Really, I just think of it as another independent discipline. In being a well-rounded rider, I want to excel in virtual racing too. You have to understand the different aspects involved and play to your strengths. Virtually, it’s much easier for me to stay with the lighter riders on the climbs, giving me the chance to best them in the sprint finish. And in terms of the organization of virtual events, it’s been amazing to see women get equal coverage and stages. It has been a great opportunity and I’m so proud of my team and what we’ve accomplished.
Definitely. It will be interesting to see how the role of virtual racing evolves. As a young rider who is just starting her career, what do you think are the biggest issues we should be talking about in professional women’s cycling?
Well, I hope the precedent being set at events like this one will carry on. The women are definitely capable of doing everything the men can, so I hope we will just keep having more opportunities to show off our talent. The sport is only going to keep growing, improving, and becoming more exciting. Even over my early career, I’ve seen how the competition is becoming fiercer. When I first started attending events, there were maybe 40 participants, and within just a few years that number had doubled. It’s a very exciting time for women’s cycling.

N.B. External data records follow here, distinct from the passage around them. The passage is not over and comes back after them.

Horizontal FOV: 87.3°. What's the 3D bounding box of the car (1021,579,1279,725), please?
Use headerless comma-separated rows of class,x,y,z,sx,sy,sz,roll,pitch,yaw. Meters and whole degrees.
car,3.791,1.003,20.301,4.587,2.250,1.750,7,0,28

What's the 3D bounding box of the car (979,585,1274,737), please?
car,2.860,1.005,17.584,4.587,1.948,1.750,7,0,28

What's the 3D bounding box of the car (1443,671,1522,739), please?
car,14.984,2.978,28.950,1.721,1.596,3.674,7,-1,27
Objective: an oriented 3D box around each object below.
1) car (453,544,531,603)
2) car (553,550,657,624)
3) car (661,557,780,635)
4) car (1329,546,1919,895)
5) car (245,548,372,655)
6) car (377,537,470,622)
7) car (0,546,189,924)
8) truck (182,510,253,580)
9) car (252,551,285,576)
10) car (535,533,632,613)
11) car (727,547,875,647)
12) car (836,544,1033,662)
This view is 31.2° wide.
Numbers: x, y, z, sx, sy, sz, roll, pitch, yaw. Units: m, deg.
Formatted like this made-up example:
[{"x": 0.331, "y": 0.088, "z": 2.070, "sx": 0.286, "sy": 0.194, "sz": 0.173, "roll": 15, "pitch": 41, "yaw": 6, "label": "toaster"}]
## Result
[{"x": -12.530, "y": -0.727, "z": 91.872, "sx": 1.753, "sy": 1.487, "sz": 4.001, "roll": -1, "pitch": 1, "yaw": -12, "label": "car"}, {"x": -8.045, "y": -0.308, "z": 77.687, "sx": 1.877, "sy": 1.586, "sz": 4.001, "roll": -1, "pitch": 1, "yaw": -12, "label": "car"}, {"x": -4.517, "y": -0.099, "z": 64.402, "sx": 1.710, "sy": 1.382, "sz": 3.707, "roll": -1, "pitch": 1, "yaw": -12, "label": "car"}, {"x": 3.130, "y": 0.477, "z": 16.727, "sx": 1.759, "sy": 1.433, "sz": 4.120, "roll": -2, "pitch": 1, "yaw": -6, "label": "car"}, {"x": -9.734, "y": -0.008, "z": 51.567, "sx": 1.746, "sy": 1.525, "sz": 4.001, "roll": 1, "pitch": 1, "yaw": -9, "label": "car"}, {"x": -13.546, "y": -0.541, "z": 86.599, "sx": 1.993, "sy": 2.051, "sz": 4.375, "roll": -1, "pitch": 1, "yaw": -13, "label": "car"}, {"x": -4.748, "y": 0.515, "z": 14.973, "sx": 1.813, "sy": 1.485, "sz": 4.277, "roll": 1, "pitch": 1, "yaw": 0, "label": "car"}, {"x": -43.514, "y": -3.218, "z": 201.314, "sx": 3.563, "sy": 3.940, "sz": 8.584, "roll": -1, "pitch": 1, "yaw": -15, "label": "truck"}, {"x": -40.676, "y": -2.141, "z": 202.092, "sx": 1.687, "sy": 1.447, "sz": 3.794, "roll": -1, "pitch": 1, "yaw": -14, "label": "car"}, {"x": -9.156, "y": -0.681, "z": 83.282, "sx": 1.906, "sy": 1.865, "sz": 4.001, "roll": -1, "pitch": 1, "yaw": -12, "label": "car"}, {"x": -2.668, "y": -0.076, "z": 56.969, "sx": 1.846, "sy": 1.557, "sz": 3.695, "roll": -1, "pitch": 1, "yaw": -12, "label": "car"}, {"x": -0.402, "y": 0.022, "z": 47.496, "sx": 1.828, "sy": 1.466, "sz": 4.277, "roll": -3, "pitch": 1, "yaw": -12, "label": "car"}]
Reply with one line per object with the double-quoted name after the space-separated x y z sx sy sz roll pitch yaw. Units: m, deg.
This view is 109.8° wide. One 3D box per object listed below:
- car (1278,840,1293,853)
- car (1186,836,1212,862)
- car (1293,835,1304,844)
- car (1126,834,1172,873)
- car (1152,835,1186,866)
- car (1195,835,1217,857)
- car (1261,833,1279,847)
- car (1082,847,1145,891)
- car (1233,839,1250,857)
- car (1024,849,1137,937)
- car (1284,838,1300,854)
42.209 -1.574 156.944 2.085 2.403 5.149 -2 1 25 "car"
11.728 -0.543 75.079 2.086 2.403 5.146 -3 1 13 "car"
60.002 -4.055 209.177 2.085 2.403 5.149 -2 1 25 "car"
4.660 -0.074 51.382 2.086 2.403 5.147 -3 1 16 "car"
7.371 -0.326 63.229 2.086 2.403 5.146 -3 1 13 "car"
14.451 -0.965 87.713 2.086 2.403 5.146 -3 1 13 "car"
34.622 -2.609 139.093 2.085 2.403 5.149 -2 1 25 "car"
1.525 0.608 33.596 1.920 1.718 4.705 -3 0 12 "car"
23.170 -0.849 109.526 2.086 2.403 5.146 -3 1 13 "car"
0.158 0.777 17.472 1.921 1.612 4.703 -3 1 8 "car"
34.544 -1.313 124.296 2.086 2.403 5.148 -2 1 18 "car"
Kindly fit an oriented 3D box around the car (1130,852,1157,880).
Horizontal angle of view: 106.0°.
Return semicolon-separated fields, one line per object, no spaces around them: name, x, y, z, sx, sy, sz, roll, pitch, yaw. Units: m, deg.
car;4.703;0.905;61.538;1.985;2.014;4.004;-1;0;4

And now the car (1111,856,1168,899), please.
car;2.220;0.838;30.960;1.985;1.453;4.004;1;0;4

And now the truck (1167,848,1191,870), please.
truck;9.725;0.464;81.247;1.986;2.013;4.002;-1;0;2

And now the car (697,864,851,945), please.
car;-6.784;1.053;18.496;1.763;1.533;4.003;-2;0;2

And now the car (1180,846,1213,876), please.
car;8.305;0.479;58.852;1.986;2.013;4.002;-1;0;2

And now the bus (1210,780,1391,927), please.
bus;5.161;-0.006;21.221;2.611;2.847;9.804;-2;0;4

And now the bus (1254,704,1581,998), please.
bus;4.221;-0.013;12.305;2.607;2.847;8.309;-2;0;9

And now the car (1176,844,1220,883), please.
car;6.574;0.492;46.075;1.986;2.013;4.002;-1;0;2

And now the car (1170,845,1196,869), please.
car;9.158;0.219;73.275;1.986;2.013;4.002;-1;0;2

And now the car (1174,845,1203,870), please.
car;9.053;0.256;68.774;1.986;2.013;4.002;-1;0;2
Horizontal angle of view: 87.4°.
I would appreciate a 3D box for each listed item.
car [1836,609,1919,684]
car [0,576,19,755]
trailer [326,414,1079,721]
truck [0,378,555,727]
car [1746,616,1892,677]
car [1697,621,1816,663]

Do you dream of racing a real-life women’s Tour de France? What real-life race are you most eager to participate in?
I grew up watching the Tour de France and was always amazed by what a challenging and beautiful race it is. It would be amazing for the women to be able to race it too and show just what we’re capable of! In the meantime though, I’m super excited about Paris-Roubaix. It’s a historic event as it’s the first time that women will be racing it, and the race is very suited to my style.
No doubt it will be an incredible event and we will be waiting in anticipation to see you race in October! Thanks, April Tacey, and all the best!